— Stored dataset items —
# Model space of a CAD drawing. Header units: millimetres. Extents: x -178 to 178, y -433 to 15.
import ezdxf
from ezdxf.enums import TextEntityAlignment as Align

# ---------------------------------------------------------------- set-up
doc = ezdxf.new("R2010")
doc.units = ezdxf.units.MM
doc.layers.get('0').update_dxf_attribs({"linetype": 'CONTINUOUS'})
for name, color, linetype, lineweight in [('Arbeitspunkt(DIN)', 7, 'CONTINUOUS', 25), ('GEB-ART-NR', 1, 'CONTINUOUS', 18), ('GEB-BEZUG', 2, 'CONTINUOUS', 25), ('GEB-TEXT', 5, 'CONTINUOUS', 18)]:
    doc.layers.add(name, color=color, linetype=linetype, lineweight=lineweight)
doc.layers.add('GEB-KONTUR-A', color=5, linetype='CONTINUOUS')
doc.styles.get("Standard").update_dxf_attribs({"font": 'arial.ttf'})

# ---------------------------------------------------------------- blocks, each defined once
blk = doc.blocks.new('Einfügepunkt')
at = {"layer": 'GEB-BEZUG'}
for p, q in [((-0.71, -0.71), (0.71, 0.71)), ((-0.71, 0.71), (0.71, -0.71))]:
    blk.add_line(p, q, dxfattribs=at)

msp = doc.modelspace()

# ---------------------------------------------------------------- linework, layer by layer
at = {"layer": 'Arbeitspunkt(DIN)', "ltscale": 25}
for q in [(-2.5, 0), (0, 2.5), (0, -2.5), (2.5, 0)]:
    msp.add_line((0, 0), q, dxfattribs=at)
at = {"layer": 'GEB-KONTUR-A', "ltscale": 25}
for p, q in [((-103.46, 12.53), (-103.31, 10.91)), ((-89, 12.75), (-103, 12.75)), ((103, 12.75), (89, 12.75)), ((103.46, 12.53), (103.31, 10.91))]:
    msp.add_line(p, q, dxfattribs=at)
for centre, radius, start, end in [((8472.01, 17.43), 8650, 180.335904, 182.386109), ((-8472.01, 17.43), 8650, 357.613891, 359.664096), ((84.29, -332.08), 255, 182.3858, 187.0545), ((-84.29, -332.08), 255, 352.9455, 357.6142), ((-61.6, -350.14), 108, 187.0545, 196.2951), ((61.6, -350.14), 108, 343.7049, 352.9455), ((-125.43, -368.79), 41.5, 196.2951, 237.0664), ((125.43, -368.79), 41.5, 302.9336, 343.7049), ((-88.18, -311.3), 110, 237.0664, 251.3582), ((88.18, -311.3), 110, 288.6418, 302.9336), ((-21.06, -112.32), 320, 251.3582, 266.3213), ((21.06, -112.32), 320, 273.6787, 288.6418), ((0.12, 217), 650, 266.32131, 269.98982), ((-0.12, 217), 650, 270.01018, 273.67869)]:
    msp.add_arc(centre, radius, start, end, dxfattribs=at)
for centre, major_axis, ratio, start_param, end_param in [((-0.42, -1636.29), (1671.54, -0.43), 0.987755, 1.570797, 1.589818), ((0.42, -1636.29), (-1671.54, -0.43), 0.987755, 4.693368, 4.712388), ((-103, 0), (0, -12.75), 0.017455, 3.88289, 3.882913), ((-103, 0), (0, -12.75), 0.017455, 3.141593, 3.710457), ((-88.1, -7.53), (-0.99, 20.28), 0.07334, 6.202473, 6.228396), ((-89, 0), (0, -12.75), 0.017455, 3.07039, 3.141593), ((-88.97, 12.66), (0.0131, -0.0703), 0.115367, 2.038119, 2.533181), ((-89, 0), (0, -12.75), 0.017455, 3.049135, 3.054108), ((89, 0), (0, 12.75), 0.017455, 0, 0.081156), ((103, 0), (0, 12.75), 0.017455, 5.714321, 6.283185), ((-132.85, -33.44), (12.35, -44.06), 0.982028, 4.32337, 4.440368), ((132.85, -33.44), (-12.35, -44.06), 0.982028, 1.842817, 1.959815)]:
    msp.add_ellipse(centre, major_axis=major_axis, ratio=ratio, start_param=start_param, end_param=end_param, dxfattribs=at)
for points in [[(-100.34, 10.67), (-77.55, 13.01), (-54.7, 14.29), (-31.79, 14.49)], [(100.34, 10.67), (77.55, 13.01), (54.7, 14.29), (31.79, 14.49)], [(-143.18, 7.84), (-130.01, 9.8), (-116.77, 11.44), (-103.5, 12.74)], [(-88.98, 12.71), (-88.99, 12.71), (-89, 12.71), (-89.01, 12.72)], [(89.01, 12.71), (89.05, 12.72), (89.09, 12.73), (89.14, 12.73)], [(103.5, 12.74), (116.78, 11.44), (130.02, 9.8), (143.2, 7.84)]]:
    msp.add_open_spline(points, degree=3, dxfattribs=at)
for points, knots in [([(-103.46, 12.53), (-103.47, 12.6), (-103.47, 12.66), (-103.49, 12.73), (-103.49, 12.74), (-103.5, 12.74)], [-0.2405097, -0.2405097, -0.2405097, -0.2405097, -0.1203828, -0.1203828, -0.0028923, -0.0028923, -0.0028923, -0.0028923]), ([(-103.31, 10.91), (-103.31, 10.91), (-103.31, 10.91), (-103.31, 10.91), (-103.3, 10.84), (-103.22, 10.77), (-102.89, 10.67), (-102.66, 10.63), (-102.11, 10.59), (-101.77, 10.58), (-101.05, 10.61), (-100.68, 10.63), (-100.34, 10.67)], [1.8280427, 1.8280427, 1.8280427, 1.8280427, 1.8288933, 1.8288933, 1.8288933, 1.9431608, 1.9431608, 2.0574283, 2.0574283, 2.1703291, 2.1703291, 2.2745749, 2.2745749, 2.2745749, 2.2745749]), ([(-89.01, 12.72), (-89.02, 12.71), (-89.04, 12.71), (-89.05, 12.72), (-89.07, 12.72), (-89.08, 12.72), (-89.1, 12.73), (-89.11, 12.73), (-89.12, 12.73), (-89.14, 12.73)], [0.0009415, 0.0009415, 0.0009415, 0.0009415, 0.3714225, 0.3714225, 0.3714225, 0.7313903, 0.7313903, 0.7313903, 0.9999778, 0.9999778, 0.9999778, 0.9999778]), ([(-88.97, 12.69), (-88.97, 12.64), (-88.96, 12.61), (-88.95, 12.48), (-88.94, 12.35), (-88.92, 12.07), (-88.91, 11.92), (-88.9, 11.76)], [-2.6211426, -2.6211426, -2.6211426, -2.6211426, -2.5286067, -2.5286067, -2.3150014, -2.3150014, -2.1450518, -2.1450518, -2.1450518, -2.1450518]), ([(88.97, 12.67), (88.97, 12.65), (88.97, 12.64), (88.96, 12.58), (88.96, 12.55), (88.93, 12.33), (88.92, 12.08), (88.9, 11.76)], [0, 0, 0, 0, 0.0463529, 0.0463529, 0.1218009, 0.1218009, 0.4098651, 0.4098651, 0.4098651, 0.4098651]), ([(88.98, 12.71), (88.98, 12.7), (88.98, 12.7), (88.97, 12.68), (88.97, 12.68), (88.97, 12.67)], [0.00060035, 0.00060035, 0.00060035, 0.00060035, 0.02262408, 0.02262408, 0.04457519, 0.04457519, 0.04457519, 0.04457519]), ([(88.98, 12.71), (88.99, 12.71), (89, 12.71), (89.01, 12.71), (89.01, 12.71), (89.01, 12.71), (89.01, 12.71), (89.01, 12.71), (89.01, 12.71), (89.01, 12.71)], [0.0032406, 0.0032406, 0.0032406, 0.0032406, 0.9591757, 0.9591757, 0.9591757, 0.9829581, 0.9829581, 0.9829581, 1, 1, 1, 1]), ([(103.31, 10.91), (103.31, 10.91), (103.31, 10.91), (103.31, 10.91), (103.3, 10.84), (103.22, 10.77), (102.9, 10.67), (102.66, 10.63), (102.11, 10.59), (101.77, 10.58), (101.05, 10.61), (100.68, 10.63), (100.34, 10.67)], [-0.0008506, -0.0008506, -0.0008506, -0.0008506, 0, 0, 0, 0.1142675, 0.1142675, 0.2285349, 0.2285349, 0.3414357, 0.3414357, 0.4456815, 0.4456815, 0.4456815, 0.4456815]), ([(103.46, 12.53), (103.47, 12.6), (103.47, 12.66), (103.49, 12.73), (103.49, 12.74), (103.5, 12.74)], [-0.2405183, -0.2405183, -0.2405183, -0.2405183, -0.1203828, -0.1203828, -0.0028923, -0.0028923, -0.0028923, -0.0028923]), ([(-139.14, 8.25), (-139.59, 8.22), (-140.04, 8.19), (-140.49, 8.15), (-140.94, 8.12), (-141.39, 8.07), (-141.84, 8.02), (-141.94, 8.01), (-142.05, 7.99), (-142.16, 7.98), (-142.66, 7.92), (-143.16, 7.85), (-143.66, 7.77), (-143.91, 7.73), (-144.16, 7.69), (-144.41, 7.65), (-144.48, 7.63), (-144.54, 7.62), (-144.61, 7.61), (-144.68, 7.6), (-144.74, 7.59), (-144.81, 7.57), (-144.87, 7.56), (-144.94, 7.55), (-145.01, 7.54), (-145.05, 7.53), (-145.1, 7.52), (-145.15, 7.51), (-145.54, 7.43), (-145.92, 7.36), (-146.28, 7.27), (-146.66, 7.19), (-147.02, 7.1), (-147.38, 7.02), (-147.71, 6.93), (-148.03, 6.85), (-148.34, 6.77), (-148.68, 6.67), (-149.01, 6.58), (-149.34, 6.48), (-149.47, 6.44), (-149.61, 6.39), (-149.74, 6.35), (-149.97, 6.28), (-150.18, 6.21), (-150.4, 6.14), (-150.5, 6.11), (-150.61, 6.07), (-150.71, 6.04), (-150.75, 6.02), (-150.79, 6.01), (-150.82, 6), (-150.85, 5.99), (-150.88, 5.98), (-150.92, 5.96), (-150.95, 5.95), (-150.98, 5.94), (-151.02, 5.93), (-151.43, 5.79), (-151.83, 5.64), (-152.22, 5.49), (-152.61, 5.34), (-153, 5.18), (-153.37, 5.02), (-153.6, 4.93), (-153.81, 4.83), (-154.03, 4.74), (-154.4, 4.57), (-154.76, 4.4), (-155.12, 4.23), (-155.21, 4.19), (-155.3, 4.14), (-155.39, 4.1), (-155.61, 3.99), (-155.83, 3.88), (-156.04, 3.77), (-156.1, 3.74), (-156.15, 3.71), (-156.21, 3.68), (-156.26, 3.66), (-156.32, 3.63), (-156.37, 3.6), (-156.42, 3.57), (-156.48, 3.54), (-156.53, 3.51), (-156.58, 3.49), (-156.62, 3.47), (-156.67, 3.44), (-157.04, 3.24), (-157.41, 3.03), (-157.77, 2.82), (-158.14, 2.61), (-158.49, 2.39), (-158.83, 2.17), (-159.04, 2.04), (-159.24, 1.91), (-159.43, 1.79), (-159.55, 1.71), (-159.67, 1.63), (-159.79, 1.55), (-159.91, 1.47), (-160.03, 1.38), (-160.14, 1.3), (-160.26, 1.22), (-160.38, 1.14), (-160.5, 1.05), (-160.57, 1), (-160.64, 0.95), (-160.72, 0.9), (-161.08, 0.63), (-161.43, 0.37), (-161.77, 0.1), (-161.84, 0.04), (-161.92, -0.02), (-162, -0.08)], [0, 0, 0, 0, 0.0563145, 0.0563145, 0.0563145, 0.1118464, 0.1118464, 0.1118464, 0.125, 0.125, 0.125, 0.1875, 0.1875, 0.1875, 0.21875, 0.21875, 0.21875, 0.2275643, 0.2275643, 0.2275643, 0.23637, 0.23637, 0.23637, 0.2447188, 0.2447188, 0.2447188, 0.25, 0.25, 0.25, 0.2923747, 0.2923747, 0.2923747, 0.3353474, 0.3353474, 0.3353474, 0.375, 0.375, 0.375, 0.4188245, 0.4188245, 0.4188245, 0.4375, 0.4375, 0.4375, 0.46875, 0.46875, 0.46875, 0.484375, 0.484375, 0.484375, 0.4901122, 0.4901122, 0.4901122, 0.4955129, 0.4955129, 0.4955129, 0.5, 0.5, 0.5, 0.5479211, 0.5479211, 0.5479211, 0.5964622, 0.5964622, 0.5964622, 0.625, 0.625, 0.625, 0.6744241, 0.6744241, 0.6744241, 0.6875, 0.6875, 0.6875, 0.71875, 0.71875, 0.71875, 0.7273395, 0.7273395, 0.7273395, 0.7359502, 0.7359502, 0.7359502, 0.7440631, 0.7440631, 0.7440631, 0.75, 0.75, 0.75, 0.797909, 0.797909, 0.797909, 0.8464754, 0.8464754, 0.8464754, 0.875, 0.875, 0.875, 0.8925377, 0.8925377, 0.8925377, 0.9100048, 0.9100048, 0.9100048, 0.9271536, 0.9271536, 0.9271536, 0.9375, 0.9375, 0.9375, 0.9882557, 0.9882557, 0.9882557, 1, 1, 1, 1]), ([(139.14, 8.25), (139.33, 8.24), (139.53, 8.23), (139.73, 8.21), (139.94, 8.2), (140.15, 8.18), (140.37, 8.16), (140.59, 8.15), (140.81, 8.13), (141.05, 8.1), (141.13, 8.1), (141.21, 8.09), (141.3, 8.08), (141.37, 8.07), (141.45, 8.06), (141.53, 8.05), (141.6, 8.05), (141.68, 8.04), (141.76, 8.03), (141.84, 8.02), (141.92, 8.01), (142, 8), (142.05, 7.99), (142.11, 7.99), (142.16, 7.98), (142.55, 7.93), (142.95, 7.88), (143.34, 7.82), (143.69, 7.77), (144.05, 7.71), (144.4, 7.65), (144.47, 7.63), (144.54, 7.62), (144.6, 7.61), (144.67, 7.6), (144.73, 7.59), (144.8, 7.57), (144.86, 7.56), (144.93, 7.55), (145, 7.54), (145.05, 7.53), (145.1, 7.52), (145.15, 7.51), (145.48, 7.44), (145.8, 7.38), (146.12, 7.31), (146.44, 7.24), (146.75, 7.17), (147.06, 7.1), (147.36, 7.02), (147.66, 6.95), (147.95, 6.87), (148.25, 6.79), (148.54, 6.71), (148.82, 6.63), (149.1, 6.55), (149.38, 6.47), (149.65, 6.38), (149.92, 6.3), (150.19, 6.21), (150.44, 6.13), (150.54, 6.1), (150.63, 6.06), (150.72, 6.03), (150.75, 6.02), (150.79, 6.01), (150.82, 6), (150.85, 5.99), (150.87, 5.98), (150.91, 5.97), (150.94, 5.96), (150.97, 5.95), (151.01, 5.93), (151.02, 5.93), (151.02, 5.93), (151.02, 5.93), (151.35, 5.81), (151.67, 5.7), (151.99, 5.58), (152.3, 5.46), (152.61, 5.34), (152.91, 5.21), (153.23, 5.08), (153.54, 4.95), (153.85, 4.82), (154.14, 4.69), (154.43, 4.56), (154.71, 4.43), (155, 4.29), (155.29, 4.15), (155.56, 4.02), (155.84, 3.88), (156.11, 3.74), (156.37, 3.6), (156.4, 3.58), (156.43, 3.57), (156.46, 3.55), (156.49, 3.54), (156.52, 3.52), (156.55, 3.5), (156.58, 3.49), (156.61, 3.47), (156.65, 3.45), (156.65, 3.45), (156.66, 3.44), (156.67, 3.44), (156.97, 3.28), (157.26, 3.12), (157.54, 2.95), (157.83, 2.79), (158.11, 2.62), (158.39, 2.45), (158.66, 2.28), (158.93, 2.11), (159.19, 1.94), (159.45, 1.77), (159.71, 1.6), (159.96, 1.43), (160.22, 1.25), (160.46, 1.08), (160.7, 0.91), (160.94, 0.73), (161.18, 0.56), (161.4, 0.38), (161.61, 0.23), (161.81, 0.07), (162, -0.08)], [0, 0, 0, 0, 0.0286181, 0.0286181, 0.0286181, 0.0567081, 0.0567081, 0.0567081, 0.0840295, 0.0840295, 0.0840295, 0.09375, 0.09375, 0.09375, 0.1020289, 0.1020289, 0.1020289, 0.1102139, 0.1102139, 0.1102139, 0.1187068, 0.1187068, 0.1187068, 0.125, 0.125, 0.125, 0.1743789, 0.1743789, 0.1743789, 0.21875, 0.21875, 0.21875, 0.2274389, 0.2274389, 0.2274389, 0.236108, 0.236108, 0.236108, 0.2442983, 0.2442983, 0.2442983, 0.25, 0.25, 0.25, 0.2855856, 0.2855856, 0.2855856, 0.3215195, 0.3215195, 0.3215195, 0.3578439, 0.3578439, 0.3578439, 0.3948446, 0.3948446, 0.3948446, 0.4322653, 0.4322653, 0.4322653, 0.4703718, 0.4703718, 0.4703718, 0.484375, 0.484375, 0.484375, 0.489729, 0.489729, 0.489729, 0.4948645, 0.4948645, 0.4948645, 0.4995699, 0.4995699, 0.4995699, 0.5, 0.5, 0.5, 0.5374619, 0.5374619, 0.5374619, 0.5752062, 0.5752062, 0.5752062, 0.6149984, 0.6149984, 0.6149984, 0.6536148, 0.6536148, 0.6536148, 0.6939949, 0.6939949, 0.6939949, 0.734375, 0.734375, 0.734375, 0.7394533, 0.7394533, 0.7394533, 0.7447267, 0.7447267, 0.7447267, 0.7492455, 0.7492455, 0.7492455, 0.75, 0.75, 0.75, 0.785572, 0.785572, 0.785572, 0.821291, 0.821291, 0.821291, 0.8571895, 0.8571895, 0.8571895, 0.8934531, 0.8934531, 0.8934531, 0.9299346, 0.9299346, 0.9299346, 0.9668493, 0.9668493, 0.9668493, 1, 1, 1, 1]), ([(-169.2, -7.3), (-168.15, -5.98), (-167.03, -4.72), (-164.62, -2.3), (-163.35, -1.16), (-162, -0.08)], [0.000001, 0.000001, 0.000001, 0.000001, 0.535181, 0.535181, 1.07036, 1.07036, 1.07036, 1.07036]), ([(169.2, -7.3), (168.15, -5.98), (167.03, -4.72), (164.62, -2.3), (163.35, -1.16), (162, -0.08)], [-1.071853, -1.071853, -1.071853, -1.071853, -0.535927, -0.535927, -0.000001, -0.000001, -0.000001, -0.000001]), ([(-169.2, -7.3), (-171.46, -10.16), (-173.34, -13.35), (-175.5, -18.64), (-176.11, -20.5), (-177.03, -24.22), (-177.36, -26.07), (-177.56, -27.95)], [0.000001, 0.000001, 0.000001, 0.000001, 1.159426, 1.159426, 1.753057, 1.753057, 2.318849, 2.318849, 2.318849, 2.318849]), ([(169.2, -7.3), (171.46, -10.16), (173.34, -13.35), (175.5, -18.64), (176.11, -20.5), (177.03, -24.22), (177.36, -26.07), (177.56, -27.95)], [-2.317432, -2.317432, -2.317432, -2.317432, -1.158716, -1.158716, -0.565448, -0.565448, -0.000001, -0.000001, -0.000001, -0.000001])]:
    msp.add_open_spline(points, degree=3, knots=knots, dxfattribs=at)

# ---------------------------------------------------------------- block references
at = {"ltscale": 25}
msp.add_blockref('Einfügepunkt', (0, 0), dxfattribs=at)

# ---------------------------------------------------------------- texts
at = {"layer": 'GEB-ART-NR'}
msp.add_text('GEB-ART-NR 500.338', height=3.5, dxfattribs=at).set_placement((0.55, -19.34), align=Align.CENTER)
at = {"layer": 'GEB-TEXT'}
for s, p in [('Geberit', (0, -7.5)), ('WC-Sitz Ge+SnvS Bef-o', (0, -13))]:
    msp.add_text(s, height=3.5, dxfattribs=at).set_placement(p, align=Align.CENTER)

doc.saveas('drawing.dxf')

— Work request —
Among the lines of the data, identify those with the word "blocks". Copy each of them.

— Task answer —
# ---------------------------------------------------------------- blocks, each defined once
blk = doc.blocks.new('Einfügepunkt')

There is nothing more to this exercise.